WORK REQUIRED:
Search the records for the string "size". Copy each line where it occurs.

Records drawn from a dataset
___
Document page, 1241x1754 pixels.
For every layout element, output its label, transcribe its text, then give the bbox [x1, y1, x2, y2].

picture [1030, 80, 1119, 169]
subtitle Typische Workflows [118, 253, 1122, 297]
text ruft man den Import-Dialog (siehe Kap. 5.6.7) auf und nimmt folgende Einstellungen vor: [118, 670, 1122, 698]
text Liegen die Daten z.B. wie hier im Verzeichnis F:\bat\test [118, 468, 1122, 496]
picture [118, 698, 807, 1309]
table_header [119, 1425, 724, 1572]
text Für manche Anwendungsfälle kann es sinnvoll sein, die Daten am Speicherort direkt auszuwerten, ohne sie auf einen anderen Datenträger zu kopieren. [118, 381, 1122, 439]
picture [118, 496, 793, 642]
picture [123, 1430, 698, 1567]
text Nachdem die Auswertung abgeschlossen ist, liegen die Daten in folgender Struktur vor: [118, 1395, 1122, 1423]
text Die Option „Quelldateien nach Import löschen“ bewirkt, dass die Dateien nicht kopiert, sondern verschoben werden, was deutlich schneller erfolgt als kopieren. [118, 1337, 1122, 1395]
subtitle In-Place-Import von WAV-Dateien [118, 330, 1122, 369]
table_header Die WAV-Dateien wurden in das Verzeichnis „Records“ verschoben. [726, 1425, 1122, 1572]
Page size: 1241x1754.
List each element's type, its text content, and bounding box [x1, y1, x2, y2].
___
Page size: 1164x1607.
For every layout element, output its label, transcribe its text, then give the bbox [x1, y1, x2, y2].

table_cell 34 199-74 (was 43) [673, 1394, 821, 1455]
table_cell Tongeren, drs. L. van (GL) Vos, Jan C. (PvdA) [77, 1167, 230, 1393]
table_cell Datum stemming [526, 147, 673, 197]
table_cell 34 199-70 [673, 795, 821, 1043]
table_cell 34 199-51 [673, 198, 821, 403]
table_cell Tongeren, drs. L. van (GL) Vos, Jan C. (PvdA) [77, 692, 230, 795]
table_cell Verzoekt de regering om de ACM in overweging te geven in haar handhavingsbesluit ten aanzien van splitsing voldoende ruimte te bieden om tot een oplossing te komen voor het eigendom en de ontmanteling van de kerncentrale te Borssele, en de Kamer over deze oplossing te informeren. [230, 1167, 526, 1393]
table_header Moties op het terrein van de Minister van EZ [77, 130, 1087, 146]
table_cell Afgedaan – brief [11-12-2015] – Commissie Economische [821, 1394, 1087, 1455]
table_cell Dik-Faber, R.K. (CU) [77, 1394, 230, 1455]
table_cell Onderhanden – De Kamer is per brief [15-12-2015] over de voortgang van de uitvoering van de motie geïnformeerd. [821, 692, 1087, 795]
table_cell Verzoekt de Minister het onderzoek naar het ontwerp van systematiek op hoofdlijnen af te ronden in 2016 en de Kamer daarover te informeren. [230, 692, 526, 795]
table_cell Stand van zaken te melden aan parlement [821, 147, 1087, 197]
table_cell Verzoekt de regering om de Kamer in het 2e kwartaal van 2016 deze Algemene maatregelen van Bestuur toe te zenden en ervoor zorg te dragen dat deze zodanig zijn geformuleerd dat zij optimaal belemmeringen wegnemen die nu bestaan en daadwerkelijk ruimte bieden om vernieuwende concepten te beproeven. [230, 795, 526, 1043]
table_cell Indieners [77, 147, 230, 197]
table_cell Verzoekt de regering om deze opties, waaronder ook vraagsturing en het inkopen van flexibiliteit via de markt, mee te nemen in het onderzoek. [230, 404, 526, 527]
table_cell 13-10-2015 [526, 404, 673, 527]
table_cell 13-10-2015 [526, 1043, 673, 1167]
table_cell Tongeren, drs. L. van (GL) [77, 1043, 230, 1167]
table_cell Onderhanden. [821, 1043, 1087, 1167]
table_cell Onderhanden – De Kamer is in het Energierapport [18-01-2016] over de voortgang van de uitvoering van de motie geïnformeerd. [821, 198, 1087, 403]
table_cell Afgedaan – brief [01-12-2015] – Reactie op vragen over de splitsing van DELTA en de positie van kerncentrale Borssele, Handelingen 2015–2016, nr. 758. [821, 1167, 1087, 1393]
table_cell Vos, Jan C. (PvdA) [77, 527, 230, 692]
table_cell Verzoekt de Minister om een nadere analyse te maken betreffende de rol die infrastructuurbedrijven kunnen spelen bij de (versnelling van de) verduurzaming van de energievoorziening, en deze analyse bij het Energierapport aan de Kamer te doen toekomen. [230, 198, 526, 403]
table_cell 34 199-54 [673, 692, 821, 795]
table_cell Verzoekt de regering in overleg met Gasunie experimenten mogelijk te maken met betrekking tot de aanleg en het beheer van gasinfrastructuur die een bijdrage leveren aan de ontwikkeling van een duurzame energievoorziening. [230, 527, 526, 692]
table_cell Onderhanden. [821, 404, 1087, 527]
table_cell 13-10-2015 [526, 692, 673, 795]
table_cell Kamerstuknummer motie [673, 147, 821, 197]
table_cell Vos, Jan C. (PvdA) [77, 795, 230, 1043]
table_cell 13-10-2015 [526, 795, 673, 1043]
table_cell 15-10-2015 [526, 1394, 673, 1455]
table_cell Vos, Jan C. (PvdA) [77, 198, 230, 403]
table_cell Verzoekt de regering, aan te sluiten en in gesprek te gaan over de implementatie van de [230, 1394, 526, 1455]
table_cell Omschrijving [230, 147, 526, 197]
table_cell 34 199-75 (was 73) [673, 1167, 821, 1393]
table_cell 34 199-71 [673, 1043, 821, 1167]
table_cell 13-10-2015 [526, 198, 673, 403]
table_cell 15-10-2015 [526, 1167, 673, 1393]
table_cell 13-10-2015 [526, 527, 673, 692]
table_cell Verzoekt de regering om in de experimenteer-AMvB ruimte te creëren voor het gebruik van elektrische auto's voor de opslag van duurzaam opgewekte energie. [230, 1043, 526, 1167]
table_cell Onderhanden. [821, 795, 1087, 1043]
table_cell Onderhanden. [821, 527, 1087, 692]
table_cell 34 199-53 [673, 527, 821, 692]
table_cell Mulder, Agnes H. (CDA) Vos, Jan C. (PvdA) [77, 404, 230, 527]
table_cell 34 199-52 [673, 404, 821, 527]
___
TASK RESPONSE:
Page size: 1241x1754.
Page size: 1164x1607.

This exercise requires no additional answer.